Glielo sfilo delicatamente
dalle dita e prendo a sfogliarlo con curiosità. «Pare
un... ricettario?» butto lì.
Serj annuisce sornione.
«Almeno il nostro chitarrista preferito potrà imparare a
preparare delle pietanze sane e nutrienti, anziché ingozzarsi
sempre con le solite schifezze» proferisce in tono speranzoso.
«Fantascienza»
commenta John con ovvietà.
Ridacchio e noto che il
batterista ha recuperato alcuni pacchetti da sotto l'albero.
«Esagerati, ma quanti
regali!» esclamo.
«Proprio tu non puoi
parlare, i tuoi sono i più grossi» mi schernisce Serj.
John ci consegna i suoi doni
e tutti e tre ci ritroviamo tra le mani lo stesso oggetto: una
cornice con una foto di noi quattro all'interno del suo Torpedo
Comics, in quel di Las Vegas.
«Che ricordi!»
dico, sentendomi invadere da una punta di nostalgia e commozione.
«Già»
borbotta Daron, indirizzandomi un'occhiata eloquente.
Entrambi sappiamo cosa
successe tra noi quel giorno, durante la nostra prima visita al
negozio di John, poco prima che venisse inaugurato. Entrambi sappiamo
come sono andate le cose in quella camera d'albergo, di cosa quelle
quattro mura sono state testimoni, e come poi le cose si siano
evolute tra noi.
Ne siamo consapevoli, ma non
ci va di ostentarlo. Sono solo fatti nostri, a nessuno deve
importare.
«Grazie, Johnny, è
bellissimo» dice Serj, ammirando il suo nuovo tesoro.
«Ma figurati. È
una sciocchezza» minimizza il batterista con un cenno del capo.
«Ora tocca a me!»
strilla Daron, tuffandosi letteralmente sotto l'albero per recuperare
i suoi pacchetti.
Porge a Serj una scatola in
cartone abbellita da un fiocco rosso, a John un sacchetto blu e a me
una sottile busta imbottita. Inarco le sopracciglia e aspetto che gli
altri aprano il loro regalo prima di scartare il mio.
Serj spalanca la bocca e
ammira stupefatto un microfono stupendo, dalla fattura impeccabile e
che ha tutta l'aria di essere di una qualità eccellente.
«Sei impazzito?!»
sbotta il cantante, accarezzando con cautela e delicatezza l'oggetto.
«Se non ti piace,
posso cambiarlo» fa Daron mentre si stringe nelle spalle.

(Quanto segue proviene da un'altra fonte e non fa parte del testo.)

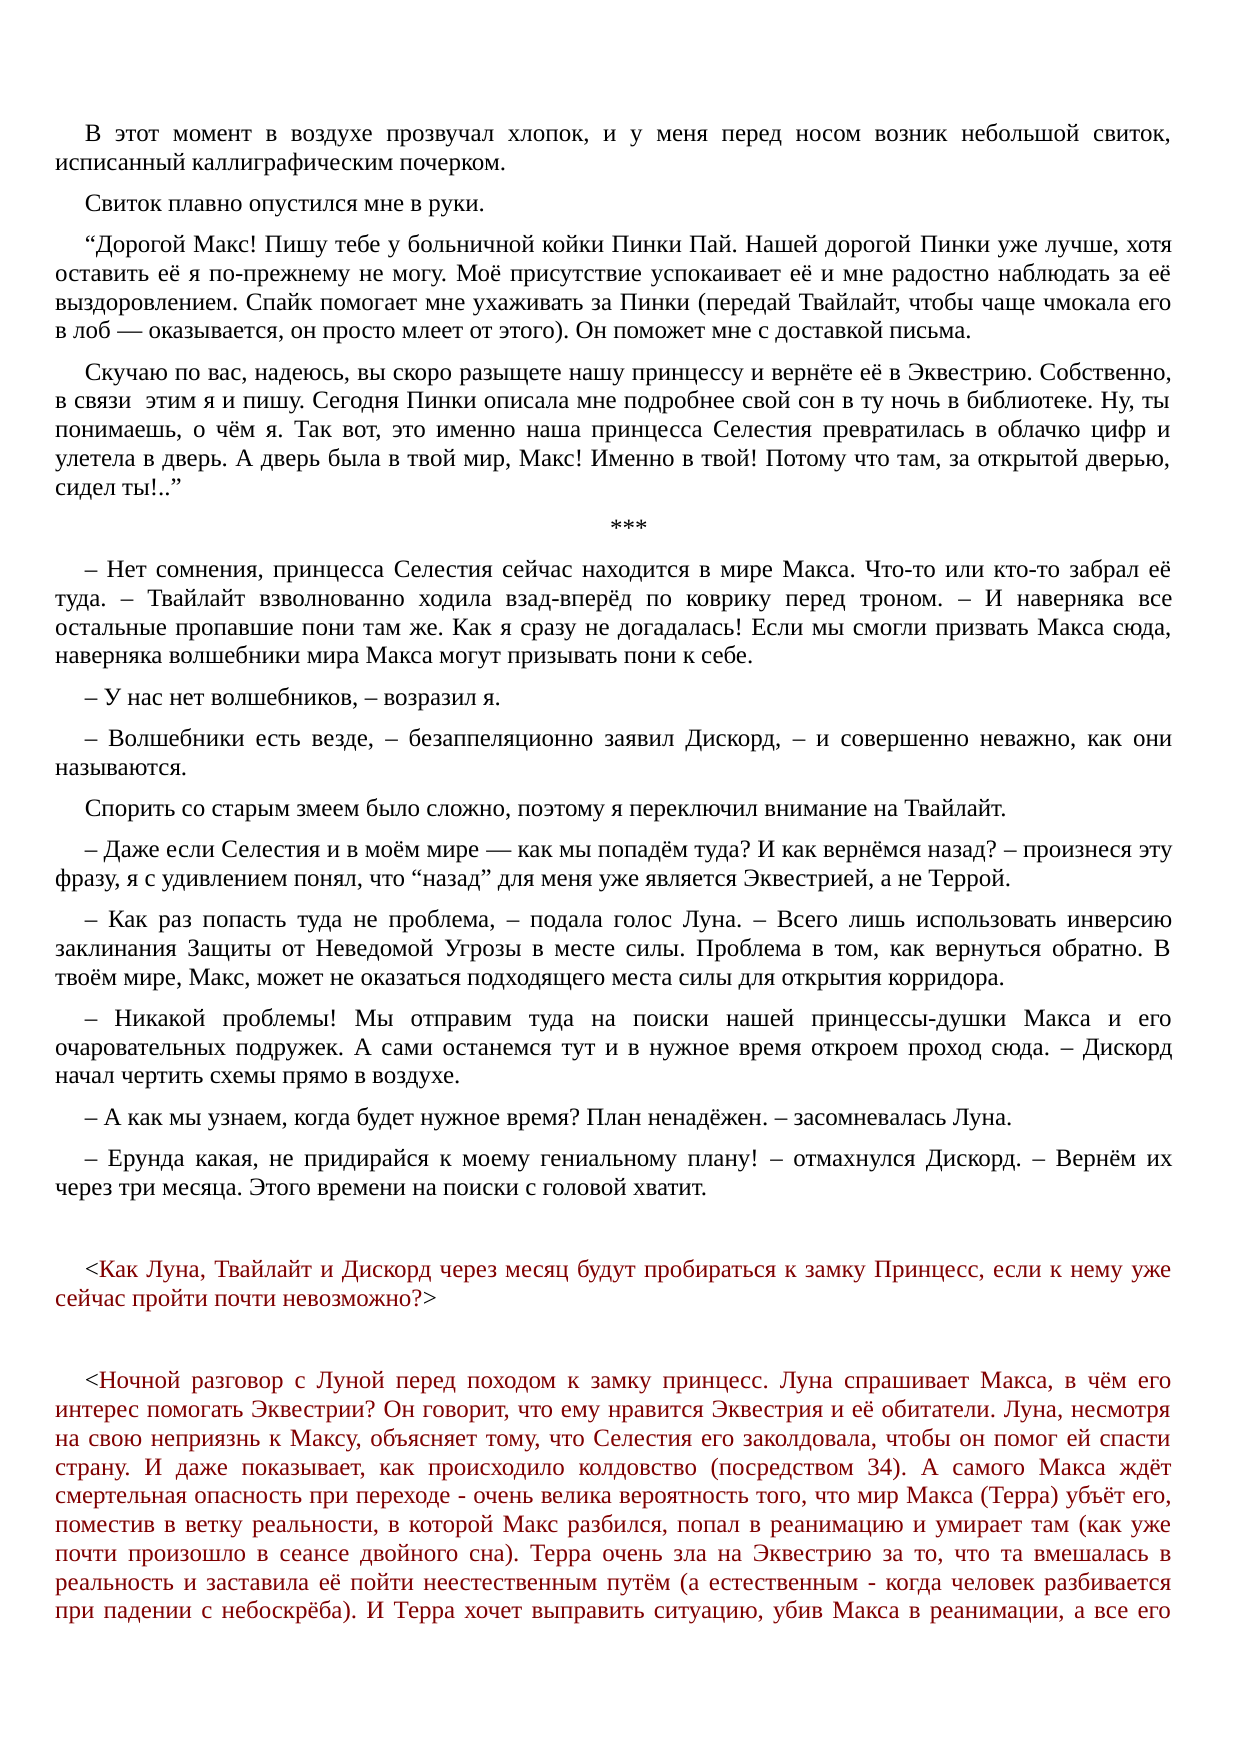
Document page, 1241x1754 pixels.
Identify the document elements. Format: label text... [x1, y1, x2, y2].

text Свиток плавно опустился мне в руки. [55, 188, 1172, 217]
text “Дорогой Макс! Пишу тебе у больничной койки Пинки Пай. Нашей дорогой Пинки уже лучше, хотя оставить её я по-прежнему не могу. Моё присутствие успокаивает её и мне радостно наблюдать за её выздоровлением. Спайк помогает мне ухаживать за Пинки (передай Твайлайт, чтобы чаще чмокала его в лоб — оказывается, он просто млеет от этого). Он поможет мне с доставкой письма. [55, 229, 1172, 344]
text – Волшебники есть везде, – безаппеляционно заявил Дискорд, – и совершенно неважно, как они называются. [55, 723, 1172, 781]
text *** [55, 513, 1172, 542]
text – Даже если Селестия и в моём мире — как мы попадём туда? И как вернёмся назад? – произнеся эту фразу, я с удивлением понял, что “назад” для меня уже является Эквестрией, а не Террой. [55, 834, 1172, 892]
text Спорить со старым змеем было сложно, поэтому я переключил внимание на Твайлайт. [55, 793, 1172, 822]
text – А как мы узнаем, когда будет нужное время? План ненадёжен. – засомневалась Луна. [55, 1102, 1172, 1131]
text – Ерунда какая, не придирайся к моему гениальному плану! – отмахнулся Дискорд. – Вернём их через три месяца. Этого времени на поиски с головой хватит. [55, 1143, 1172, 1201]
text Скучаю по вас, надеюсь, вы скоро разыщете нашу принцессу и вернёте её в Эквестрию. Собственно, в связи этим я и пишу. Сегодня Пинки описала мне подробнее свой сон в ту ночь в библиотеке. Ну, ты понимаешь, о чём я. Так вот, это именно наша принцесса Селестия превратилась в облачко цифр и улетела в дверь. А дверь была в твой мир, Макс! Именно в твой! Потому что там, за открытой дверью, сидел ты!..” [55, 357, 1172, 501]
text <Ночной разговор с Луной перед походом к замку принцесс. Луна спрашивает Макса, в чём его интерес помогать Эквестрии? Он говорит, что ему нравится Эквестрия и её обитатели. Луна, несмотря на свою неприязнь к Максу, объясняет тому, что Селестия его заколдовала, чтобы он помог ей спасти страну. И даже показывает, как происходило колдовство (посредством 34). А самого Макса ждёт смертельная опасность при переходе - очень велика вероятность того, что мир Макса (Терра) убъёт его, поместив в ветку реальности, в которой Макс разбился, попал в реанимацию и умирает там (как уже почти произошло в сеансе двойного сна). Терра очень зла на Эквестрию за то, что та вмешалась в реальность и заставила её пойти неестественным путём (а естественным - когда человек разбивается при падении с небоскрёба). И Терра хочет выправить ситуацию, убив Макса в реанимации, а все его [55, 1366, 1172, 1624]
text – У нас нет волшебников, – возразил я. [55, 682, 1172, 711]
text В этот момент в воздухе прозвучал хлопок, и у меня перед носом возник небольшой свиток, исписанный каллиграфическим почерком. [55, 118, 1172, 176]
text <Как Луна, Твайлайт и Дискорд через месяц будут пробираться к замку Принцесс, если к нему уже сейчас пройти почти невозможно?> [55, 1254, 1172, 1312]
text – Нет сомнения, принцесса Селестия сейчас находится в мире Макса. Что-то или кто-то забрал её туда. – Твайлайт взволнованно ходила взад-вперёд по коврику перед троном. – И наверняка все остальные пропавшие пони там же. Как я сразу не догадалась! Если мы смогли призвать Макса сюда, наверняка волшебники мира Макса могут призывать пони к себе. [55, 554, 1172, 669]
text – Как раз попасть туда не проблема, – подала голос Луна. – Всего лишь использовать инверсию заклинания Защиты от Неведомой Угрозы в месте силы. Проблема в том, как вернуться обратно. В твоём мире, Макс, может не оказаться подходящего места силы для открытия корридора. [55, 904, 1172, 991]
text – Никакой проблемы! Мы отправим туда на поиски нашей принцессы-душки Макса и его очаровательных подружек. А сами останемся тут и в нужное время откроем проход сюда. – Дискорд начал чертить схемы прямо в воздухе. [55, 1003, 1172, 1089]

Serj gli molla un pugno sul
braccio e si immerge nell'osservazione analitica di quel meraviglioso
cimelio.
John tossicchia e tiene di
fronte a sé ciò che mi sembra un quadro. Avvicinandomi,
noto che gli occhi del batterista si sono inumiditi e che sta
cercando di contenere le sue emozioni.
«Posso?» gli
chiedo, accennando all'oggetto che tiene in mano.
Il batterista annuisce e
lascia tra le mie mani una bellissima tela che ritrae un John
insolitamente sorridente che tiene tra le braccia sua figlia Emma.
Nella foto, il mio amico osserva la piccola con uno sguardo colmo
d'amore e di profonda commozione. Probabilmente non potrò mai
capire cosa si prova a essere padre, ma non credo che sarei bravo in
questo ruolo. Ho troppe insicurezze dentro di me, non ce la farei
mai. Lui, al contrario, sembra così a suo agio, rilassato,
sicuro di sé...
Quando sollevo lo sguardo,
mi ritrovo a fissare John che abbraccia Daron con fare fraterno,
estremamente colpito dal regalo del chitarrista. Avverto una leggera
punta di gelosia fare capolino tra mille sensazioni, ma la scaccio
perché so quanto sia immotivata.
«E tu? Non apri il tuo
regalo?» mi si rivolge Daron, indicando la busta che ancora
stringo con forza tra le mani.
«Certo... grazie»
farfuglio, concentrandomi su ciò che sto facendo per evitare
di strappare la carta.
Strabuzzo gli occhi quando
tra le mani mi trovo una busta gialla con su scritto il mio nome in
caratteri frettolosi e disordinati.
La apro e ne sfilo un
foglietto scritto a mano. Lascio scorrere i miei occhi sulle poche
parole tracciate con l'inconfondibile grafia di Daron.
Una piccola gita, una
cretinata. Solo un weekend. Solo tre giorni e due notti.
Solo io e te.
Mi affretto a dissimulare il
mio stupore ed evito accuratamente di far leggere il biglietto a John
e Serj; fortunatamente entrambi stanno ancora contemplando l'ultimo
dono che hanno ricevuto e non mi stanno prestando attenzione.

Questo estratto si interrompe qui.